[Collected data]
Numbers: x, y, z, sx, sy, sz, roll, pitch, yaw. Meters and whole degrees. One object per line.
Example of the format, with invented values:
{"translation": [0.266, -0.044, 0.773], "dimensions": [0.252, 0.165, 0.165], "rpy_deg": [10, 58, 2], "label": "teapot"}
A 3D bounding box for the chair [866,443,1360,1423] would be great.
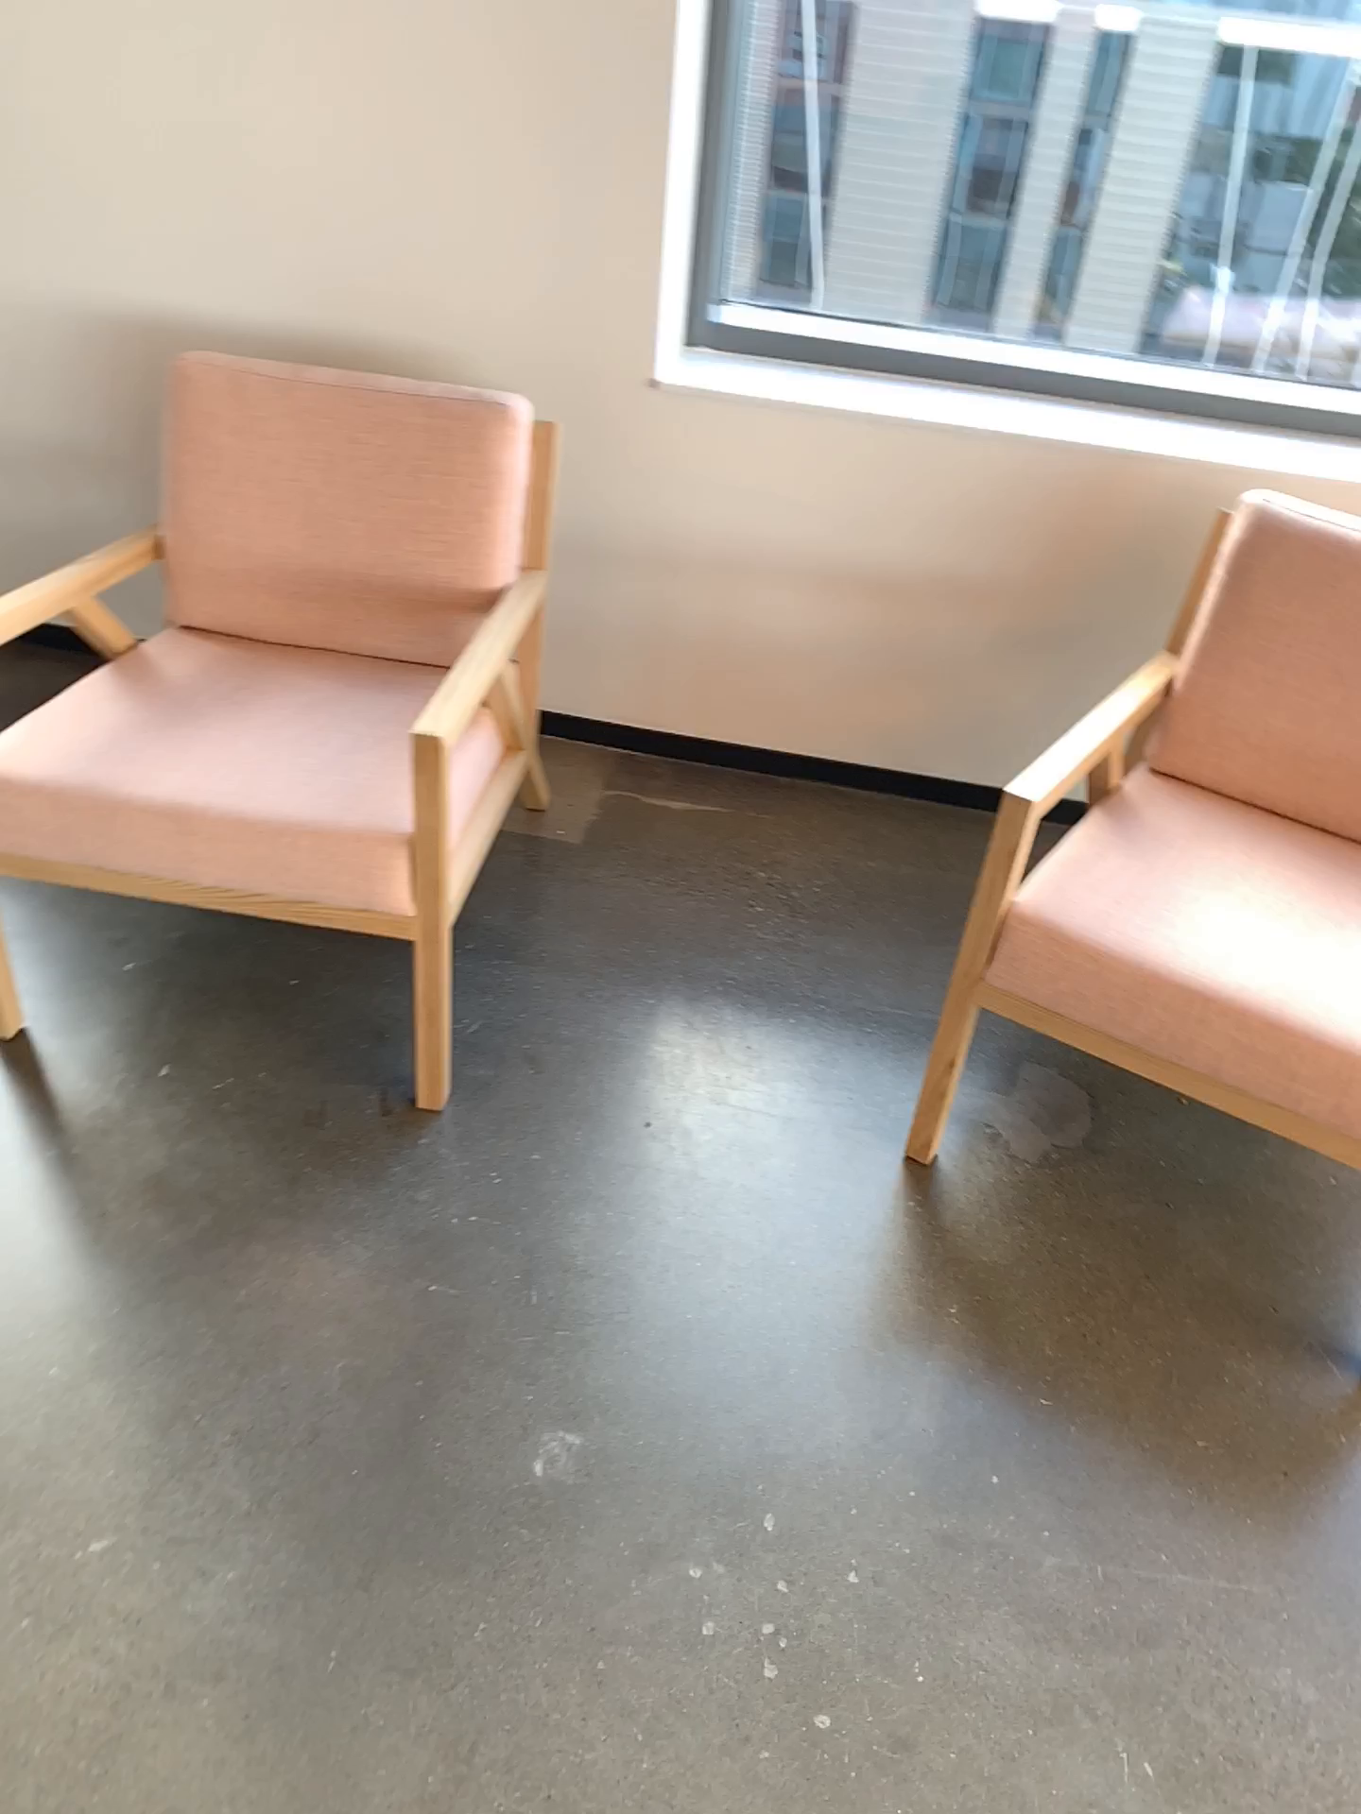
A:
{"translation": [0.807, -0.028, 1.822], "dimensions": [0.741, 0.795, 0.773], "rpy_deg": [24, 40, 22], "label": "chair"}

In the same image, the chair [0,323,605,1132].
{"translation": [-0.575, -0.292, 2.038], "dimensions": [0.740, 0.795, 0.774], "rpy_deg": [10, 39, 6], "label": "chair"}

**TASK BRIEF:** Could you transcribe all of the data exactly, keeping every picture out of the copy?

**EXERCISE SOLUTION:**
Numbers: x, y, z, sx, sy, sz, roll, pitch, yaw. Meters and whole degrees. One object per line.
Example of the format, with invented values:
{"translation": [0.266, -0.044, 0.773], "dimensions": [0.252, 0.165, 0.165], "rpy_deg": [10, 58, 2], "label": "teapot"}
A 3D bounding box for the chair [866,443,1360,1423] would be great.
A:
{"translation": [0.807, -0.028, 1.822], "dimensions": [0.741, 0.795, 0.773], "rpy_deg": [24, 40, 22], "label": "chair"}

In the same image, the chair [0,323,605,1132].
{"translation": [-0.575, -0.292, 2.038], "dimensions": [0.740, 0.795, 0.774], "rpy_deg": [10, 39, 6], "label": "chair"}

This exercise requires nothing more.